**WHAT IS EXPECTED:** The response must restate all of the data word for word.

(Beginning of RECORDS FOR THE TASK)

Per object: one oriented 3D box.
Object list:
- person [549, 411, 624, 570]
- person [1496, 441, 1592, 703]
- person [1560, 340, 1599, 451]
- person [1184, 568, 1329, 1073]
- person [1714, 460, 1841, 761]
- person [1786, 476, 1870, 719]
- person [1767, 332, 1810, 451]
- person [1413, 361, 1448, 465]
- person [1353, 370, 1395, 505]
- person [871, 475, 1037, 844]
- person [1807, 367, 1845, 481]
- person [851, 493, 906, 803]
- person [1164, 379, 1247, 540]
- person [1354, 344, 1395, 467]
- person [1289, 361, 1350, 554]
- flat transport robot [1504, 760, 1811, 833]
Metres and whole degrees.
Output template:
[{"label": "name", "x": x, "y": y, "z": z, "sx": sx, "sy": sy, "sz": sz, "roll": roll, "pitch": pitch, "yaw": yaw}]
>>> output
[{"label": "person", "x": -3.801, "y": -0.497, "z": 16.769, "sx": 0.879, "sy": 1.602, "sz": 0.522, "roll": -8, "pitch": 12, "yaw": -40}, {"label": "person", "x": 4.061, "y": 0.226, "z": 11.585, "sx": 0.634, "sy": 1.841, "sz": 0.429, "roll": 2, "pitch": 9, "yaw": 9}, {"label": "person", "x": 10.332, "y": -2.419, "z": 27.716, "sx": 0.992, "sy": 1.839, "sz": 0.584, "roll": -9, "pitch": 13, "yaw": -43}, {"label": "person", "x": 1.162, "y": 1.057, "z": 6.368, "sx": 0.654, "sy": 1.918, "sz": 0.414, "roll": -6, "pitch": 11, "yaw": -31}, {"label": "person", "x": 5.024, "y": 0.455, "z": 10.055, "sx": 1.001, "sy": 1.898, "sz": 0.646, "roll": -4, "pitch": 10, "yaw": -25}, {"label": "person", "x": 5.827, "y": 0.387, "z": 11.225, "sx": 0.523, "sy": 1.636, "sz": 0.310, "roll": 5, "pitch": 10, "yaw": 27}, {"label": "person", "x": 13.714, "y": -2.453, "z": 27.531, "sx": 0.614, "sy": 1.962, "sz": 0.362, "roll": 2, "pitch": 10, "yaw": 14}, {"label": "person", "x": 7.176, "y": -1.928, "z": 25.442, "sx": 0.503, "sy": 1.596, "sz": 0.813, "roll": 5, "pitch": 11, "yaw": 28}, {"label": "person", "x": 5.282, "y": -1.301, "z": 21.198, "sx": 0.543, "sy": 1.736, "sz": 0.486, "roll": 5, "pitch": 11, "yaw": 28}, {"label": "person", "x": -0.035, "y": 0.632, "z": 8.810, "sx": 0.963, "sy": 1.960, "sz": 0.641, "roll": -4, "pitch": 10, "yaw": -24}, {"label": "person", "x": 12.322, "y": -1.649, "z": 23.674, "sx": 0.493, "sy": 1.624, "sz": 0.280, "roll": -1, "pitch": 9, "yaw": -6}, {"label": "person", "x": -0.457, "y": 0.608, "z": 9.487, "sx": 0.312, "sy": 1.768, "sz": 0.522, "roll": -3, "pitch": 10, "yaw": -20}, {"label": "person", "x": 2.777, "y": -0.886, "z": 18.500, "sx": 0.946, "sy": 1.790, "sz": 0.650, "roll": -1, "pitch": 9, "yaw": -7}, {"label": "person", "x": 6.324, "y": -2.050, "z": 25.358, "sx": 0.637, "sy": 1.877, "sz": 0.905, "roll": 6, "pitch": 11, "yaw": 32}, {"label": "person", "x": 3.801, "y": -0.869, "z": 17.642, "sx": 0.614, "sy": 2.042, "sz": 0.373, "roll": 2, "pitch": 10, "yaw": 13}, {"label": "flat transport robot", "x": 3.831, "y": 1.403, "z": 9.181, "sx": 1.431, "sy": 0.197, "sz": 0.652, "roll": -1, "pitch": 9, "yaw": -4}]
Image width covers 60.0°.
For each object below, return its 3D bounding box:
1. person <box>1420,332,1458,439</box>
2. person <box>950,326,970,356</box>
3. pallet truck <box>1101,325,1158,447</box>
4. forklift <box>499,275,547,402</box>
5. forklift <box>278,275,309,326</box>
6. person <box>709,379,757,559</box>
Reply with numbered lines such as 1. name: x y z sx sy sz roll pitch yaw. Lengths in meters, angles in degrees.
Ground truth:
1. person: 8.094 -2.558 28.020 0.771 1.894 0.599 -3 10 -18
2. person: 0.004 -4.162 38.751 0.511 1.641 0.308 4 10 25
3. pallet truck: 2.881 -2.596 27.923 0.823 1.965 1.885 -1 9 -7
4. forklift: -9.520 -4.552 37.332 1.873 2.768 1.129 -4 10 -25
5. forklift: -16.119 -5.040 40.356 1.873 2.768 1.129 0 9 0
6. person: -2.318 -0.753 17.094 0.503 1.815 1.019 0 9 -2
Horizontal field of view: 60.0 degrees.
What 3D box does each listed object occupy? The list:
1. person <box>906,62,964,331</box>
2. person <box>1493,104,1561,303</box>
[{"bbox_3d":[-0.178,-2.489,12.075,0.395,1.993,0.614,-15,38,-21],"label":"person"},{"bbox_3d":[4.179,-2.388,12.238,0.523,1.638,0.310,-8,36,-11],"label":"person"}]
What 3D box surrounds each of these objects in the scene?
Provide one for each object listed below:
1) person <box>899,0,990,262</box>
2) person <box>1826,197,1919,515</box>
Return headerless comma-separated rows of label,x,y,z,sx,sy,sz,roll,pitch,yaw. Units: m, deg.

(End of RECORDS FOR THE TASK)

**WORKED SOLUTION:**
Per object: one oriented 3D box.
Object list:
- person [549, 411, 624, 570]
- person [1496, 441, 1592, 703]
- person [1560, 340, 1599, 451]
- person [1184, 568, 1329, 1073]
- person [1714, 460, 1841, 761]
- person [1786, 476, 1870, 719]
- person [1767, 332, 1810, 451]
- person [1413, 361, 1448, 465]
- person [1353, 370, 1395, 505]
- person [871, 475, 1037, 844]
- person [1807, 367, 1845, 481]
- person [851, 493, 906, 803]
- person [1164, 379, 1247, 540]
- person [1354, 344, 1395, 467]
- person [1289, 361, 1350, 554]
- flat transport robot [1504, 760, 1811, 833]
Metres and whole degrees.
Output template:
[{"label": "name", "x": x, "y": y, "z": z, "sx": sx, "sy": sy, "sz": sz, "roll": roll, "pitch": pitch, "yaw": yaw}]
>>> output
[{"label": "person", "x": -3.801, "y": -0.497, "z": 16.769, "sx": 0.879, "sy": 1.602, "sz": 0.522, "roll": -8, "pitch": 12, "yaw": -40}, {"label": "person", "x": 4.061, "y": 0.226, "z": 11.585, "sx": 0.634, "sy": 1.841, "sz": 0.429, "roll": 2, "pitch": 9, "yaw": 9}, {"label": "person", "x": 10.332, "y": -2.419, "z": 27.716, "sx": 0.992, "sy": 1.839, "sz": 0.584, "roll": -9, "pitch": 13, "yaw": -43}, {"label": "person", "x": 1.162, "y": 1.057, "z": 6.368, "sx": 0.654, "sy": 1.918, "sz": 0.414, "roll": -6, "pitch": 11, "yaw": -31}, {"label": "person", "x": 5.024, "y": 0.455, "z": 10.055, "sx": 1.001, "sy": 1.898, "sz": 0.646, "roll": -4, "pitch": 10, "yaw": -25}, {"label": "person", "x": 5.827, "y": 0.387, "z": 11.225, "sx": 0.523, "sy": 1.636, "sz": 0.310, "roll": 5, "pitch": 10, "yaw": 27}, {"label": "person", "x": 13.714, "y": -2.453, "z": 27.531, "sx": 0.614, "sy": 1.962, "sz": 0.362, "roll": 2, "pitch": 10, "yaw": 14}, {"label": "person", "x": 7.176, "y": -1.928, "z": 25.442, "sx": 0.503, "sy": 1.596, "sz": 0.813, "roll": 5, "pitch": 11, "yaw": 28}, {"label": "person", "x": 5.282, "y": -1.301, "z": 21.198, "sx": 0.543, "sy": 1.736, "sz": 0.486, "roll": 5, "pitch": 11, "yaw": 28}, {"label": "person", "x": -0.035, "y": 0.632, "z": 8.810, "sx": 0.963, "sy": 1.960, "sz": 0.641, "roll": -4, "pitch": 10, "yaw": -24}, {"label": "person", "x": 12.322, "y": -1.649, "z": 23.674, "sx": 0.493, "sy": 1.624, "sz": 0.280, "roll": -1, "pitch": 9, "yaw": -6}, {"label": "person", "x": -0.457, "y": 0.608, "z": 9.487, "sx": 0.312, "sy": 1.768, "sz": 0.522, "roll": -3, "pitch": 10, "yaw": -20}, {"label": "person", "x": 2.777, "y": -0.886, "z": 18.500, "sx": 0.946, "sy": 1.790, "sz": 0.650, "roll": -1, "pitch": 9, "yaw": -7}, {"label": "person", "x": 6.324, "y": -2.050, "z": 25.358, "sx": 0.637, "sy": 1.877, "sz": 0.905, "roll": 6, "pitch": 11, "yaw": 32}, {"label": "person", "x": 3.801, "y": -0.869, "z": 17.642, "sx": 0.614, "sy": 2.042, "sz": 0.373, "roll": 2, "pitch": 10, "yaw": 13}, {"label": "flat transport robot", "x": 3.831, "y": 1.403, "z": 9.181, "sx": 1.431, "sy": 0.197, "sz": 0.652, "roll": -1, "pitch": 9, "yaw": -4}]
Image width covers 60.0°.
For each object below, return its 3D bounding box:
1. person <box>1420,332,1458,439</box>
2. person <box>950,326,970,356</box>
3. pallet truck <box>1101,325,1158,447</box>
4. forklift <box>499,275,547,402</box>
5. forklift <box>278,275,309,326</box>
6. person <box>709,379,757,559</box>
Reply with numbered lines such as 1. name: x y z sx sy sz roll pitch yaw. Lengths in meters, angles in degrees.
Ground truth:
1. person: 8.094 -2.558 28.020 0.771 1.894 0.599 -3 10 -18
2. person: 0.004 -4.162 38.751 0.511 1.641 0.308 4 10 25
3. pallet truck: 2.881 -2.596 27.923 0.823 1.965 1.885 -1 9 -7
4. forklift: -9.520 -4.552 37.332 1.873 2.768 1.129 -4 10 -25
5. forklift: -16.119 -5.040 40.356 1.873 2.768 1.129 0 9 0
6. person: -2.318 -0.753 17.094 0.503 1.815 1.019 0 9 -2
Horizontal field of view: 60.0 degrees.
What 3D box does each listed object occupy? The list:
1. person <box>906,62,964,331</box>
2. person <box>1493,104,1561,303</box>
[{"bbox_3d":[-0.178,-2.489,12.075,0.395,1.993,0.614,-15,38,-21],"label":"person"},{"bbox_3d":[4.179,-2.388,12.238,0.523,1.638,0.310,-8,36,-11],"label":"person"}]
What 3D box surrounds each of these objects in the scene?
Provide one for each object listed below:
1) person <box>899,0,990,262</box>
2) person <box>1826,197,1919,515</box>
Return headerless comma-separated rows of label,x,y,z,sx,sy,sz,roll,pitch,yaw. Units: m, deg.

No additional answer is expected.